Work order
Nothing but an exact copy is wanted: the line with "text Onderwerp: Publicatie" and each line after it in the data below, last line included.

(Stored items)

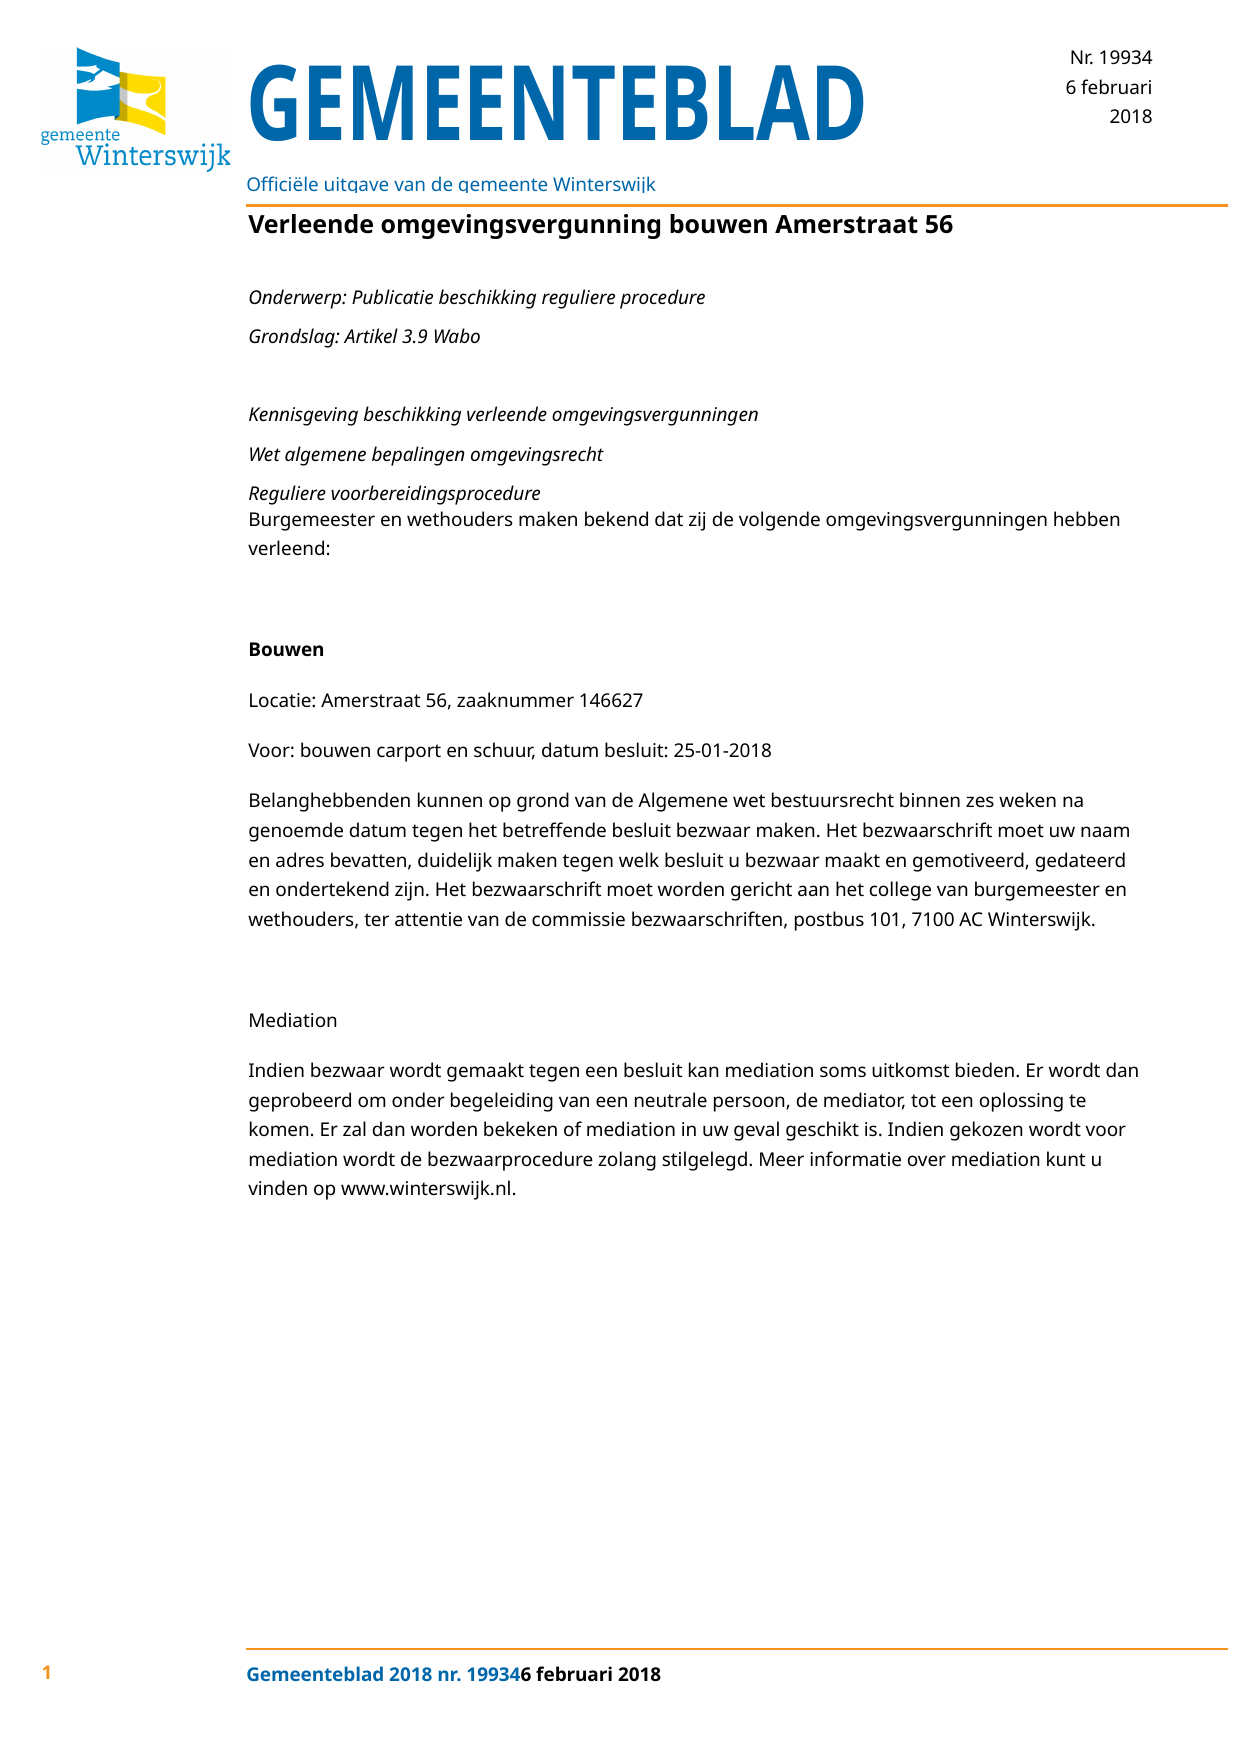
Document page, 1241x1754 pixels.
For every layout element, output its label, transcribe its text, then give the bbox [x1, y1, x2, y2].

text Kennisgeving beschikking verleende omgevingsvergunningen [248, 402, 1152, 427]
text Wet algemene bepalingen omgevingsrecht [248, 441, 1152, 467]
text Locatie: Amerstraat 56, zaaknummer 146627 [248, 687, 1152, 712]
text Belanghebbenden kunnen op grond van de Algemene wet bestuursrecht binnen zes weken na genoemde datum tegen het betreffende besluit bezwaar maken. Het bezwaarschrift moet uw naam en adres bevatten, duidelijk maken tegen welk besluit u bezwaar maakt en gemotiveerd, gedateerd en ondertekend zijn. Het bezwaarschrift moet worden gericht aan het college van burgemeester en wethouders, ter attentie van de commissie bezwaarschriften, postbus 101, 7100 AC Winterswijk. [248, 788, 1152, 932]
text Bouwen [248, 636, 1152, 662]
text Indien bezwaar wordt gemaakt tegen een besluit kan mediation soms uitkomst bieden. Er wordt dan geprobeerd om onder begeleiding van een neutrale persoon, de mediator, tot een oplossing te komen. Er zal dan worden bekeken of mediation in uw geval geschikt is. Indien gekozen wordt voor mediation wordt de bezwaarprocedure zolang stilgelegd. Meer informatie over mediation kunt u vinden op www.winterswijk.nl. [248, 1057, 1152, 1201]
text Burgemeester en wethouders maken bekend dat zij de volgende omgevingsvergunningen hebben verleend: [248, 506, 1152, 561]
text Voor: bouwen carport en schuur, datum besluit: 25-01-2018 [248, 737, 1152, 763]
text Verleende omgevingsvergunning bouwen Amerstraat 56 [248, 207, 1152, 241]
picture [225, 153, 231, 162]
text Onderwerp: Publicatie beschikking reguliere procedure [248, 284, 1152, 309]
text Mediation [248, 1007, 1152, 1032]
picture [41, 47, 231, 172]
text Grondslag: Artikel 3.9 Wabo [248, 323, 1152, 349]
text Reguliere voorbereidingsprocedure [248, 480, 1152, 506]

Answer area
text Onderwerp: Publicatie beschikking reguliere procedure [248, 284, 1152, 309]
text Mediation [248, 1007, 1152, 1032]
picture [41, 47, 231, 172]
text Grondslag: Artikel 3.9 Wabo [248, 323, 1152, 349]
text Reguliere voorbereidingsprocedure [248, 480, 1152, 506]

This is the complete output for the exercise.